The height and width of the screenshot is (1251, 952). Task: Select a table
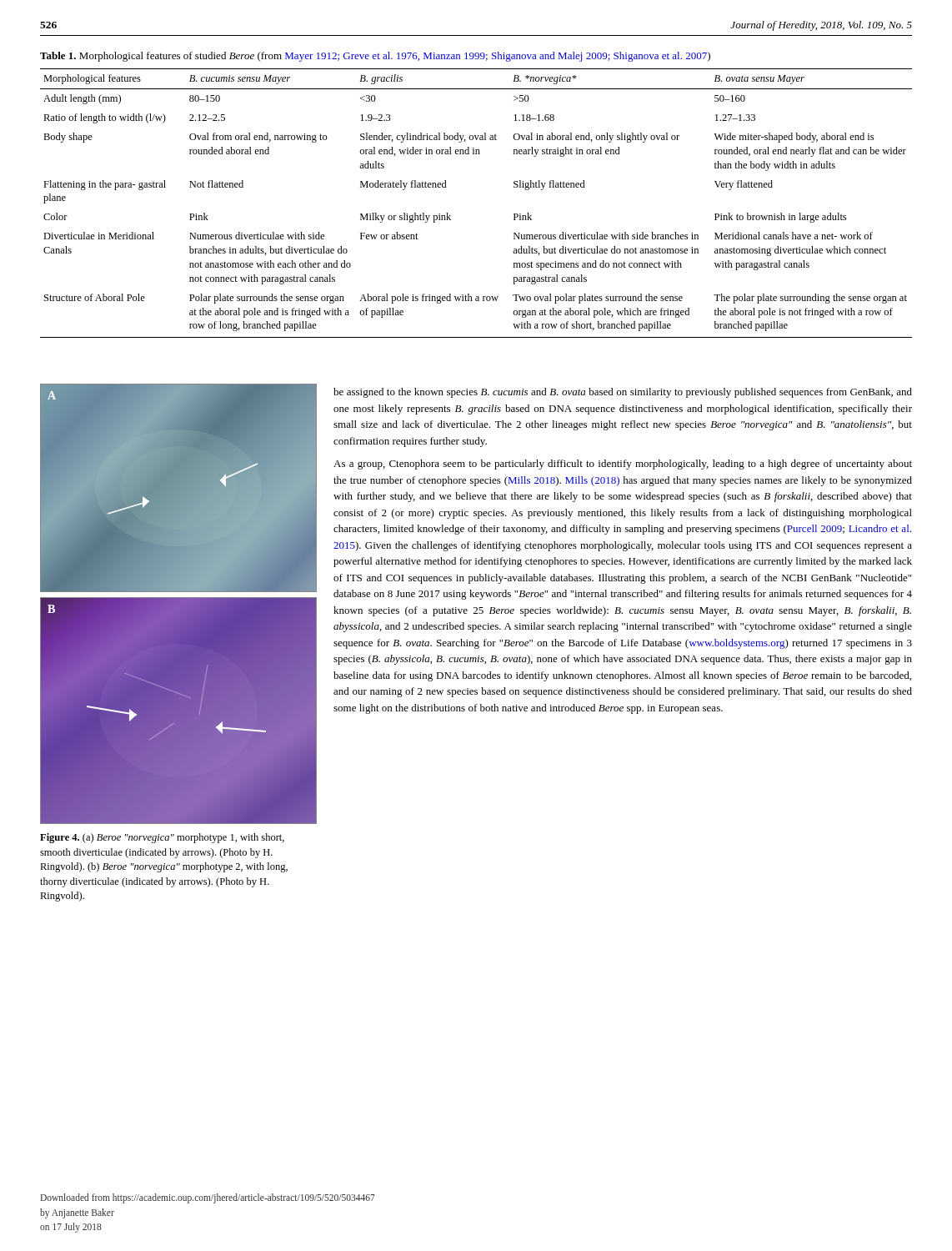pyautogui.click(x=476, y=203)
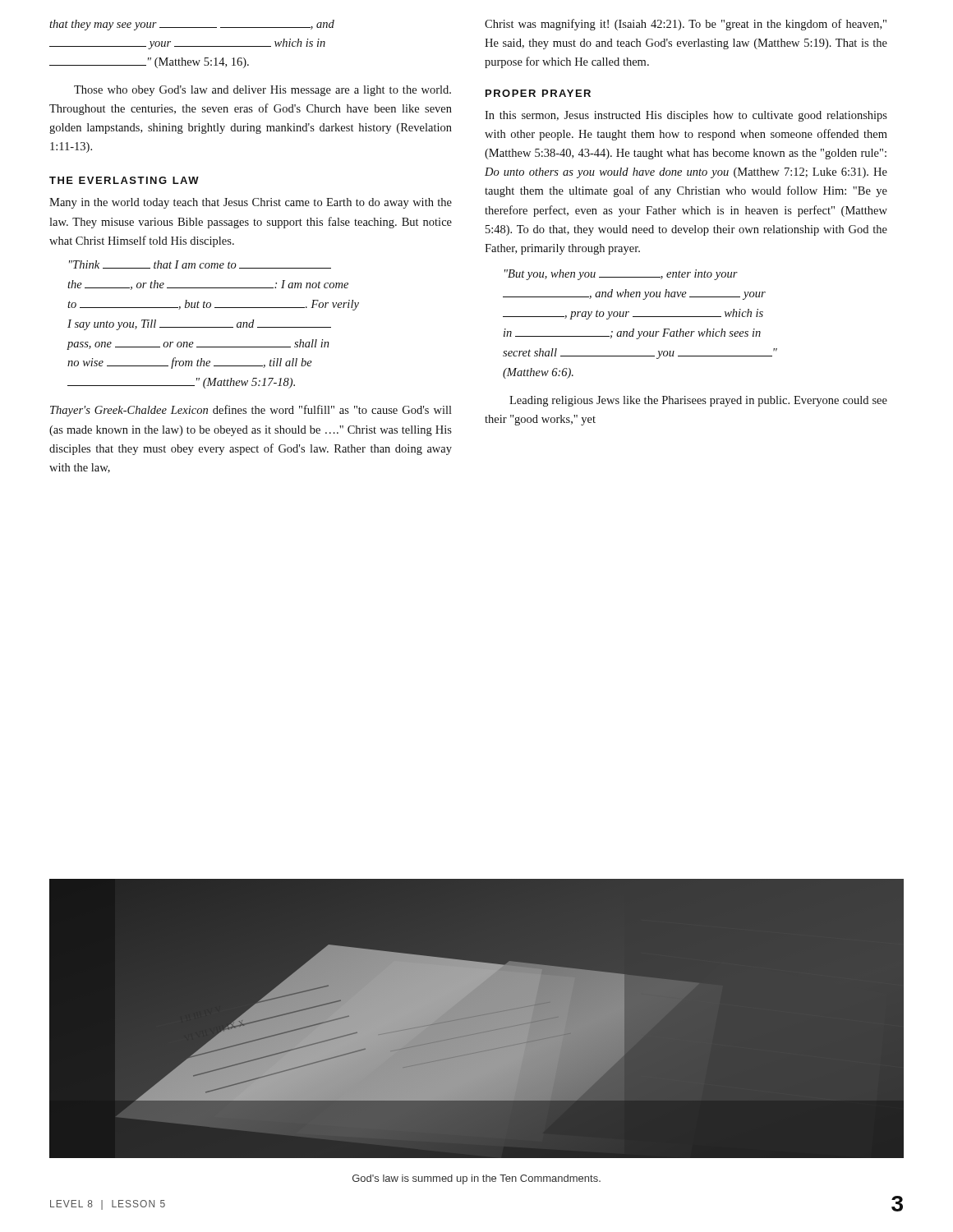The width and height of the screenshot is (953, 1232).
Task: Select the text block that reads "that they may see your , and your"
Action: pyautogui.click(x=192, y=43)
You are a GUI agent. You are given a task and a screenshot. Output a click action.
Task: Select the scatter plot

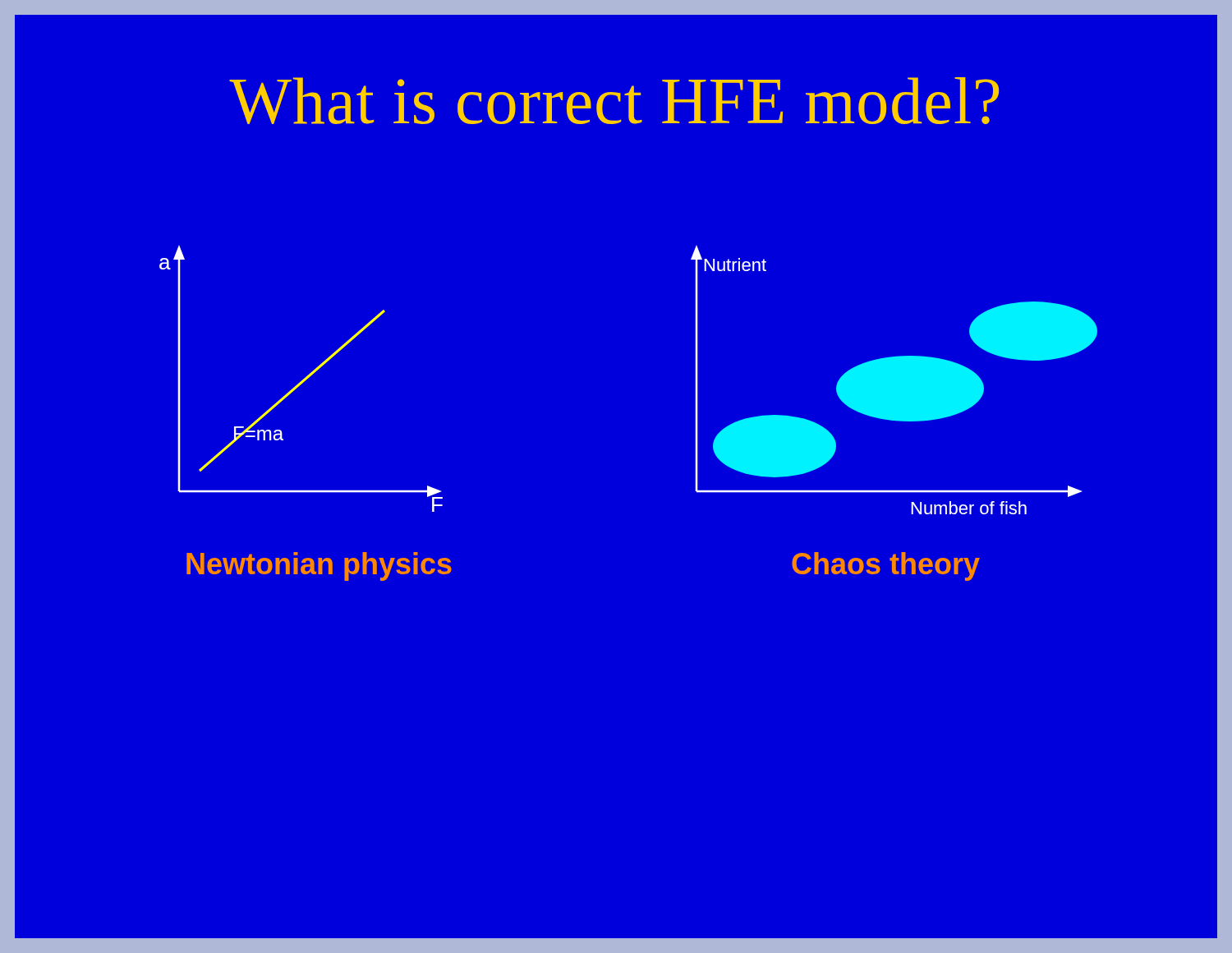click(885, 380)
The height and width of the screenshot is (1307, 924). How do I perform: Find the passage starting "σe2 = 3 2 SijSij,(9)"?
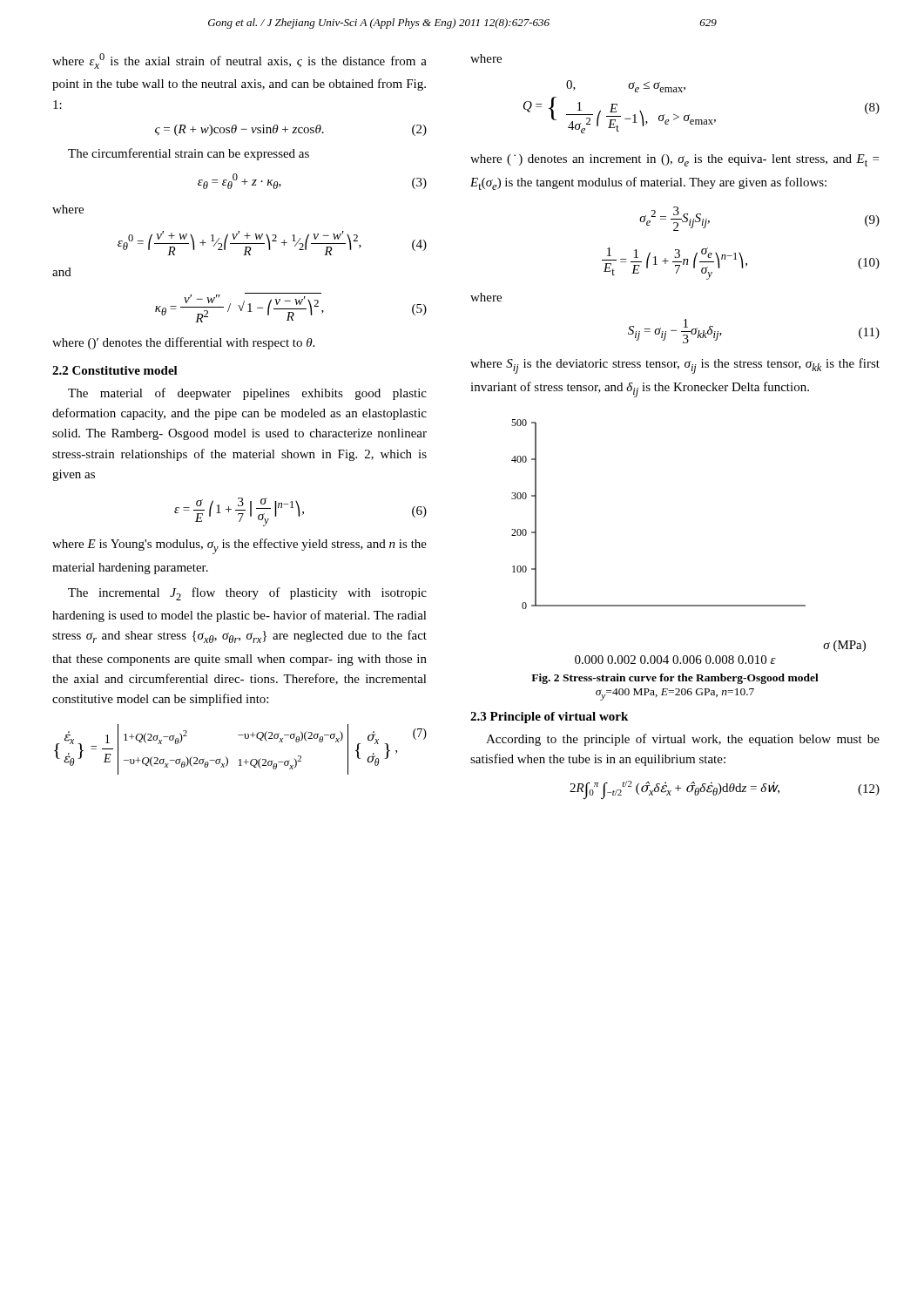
________________________________________
**WORK ITEM**
Go through the listing above and write it out again exactly, dropping the pictures.

**WRITTEN RESPONSE**
The height and width of the screenshot is (1251, 952). Task: Select a table
pyautogui.click(x=476, y=203)
The width and height of the screenshot is (953, 1232).
Task: Select the text block that reads "that they may see your , and your"
Action: pyautogui.click(x=192, y=43)
You are a GUI agent. You are given a task and a screenshot. Output a click action.
Task: Select the scatter plot

click(885, 380)
The height and width of the screenshot is (1307, 924). How do I perform: Find the passage starting "σe2 = 3 2 SijSij,(9)"?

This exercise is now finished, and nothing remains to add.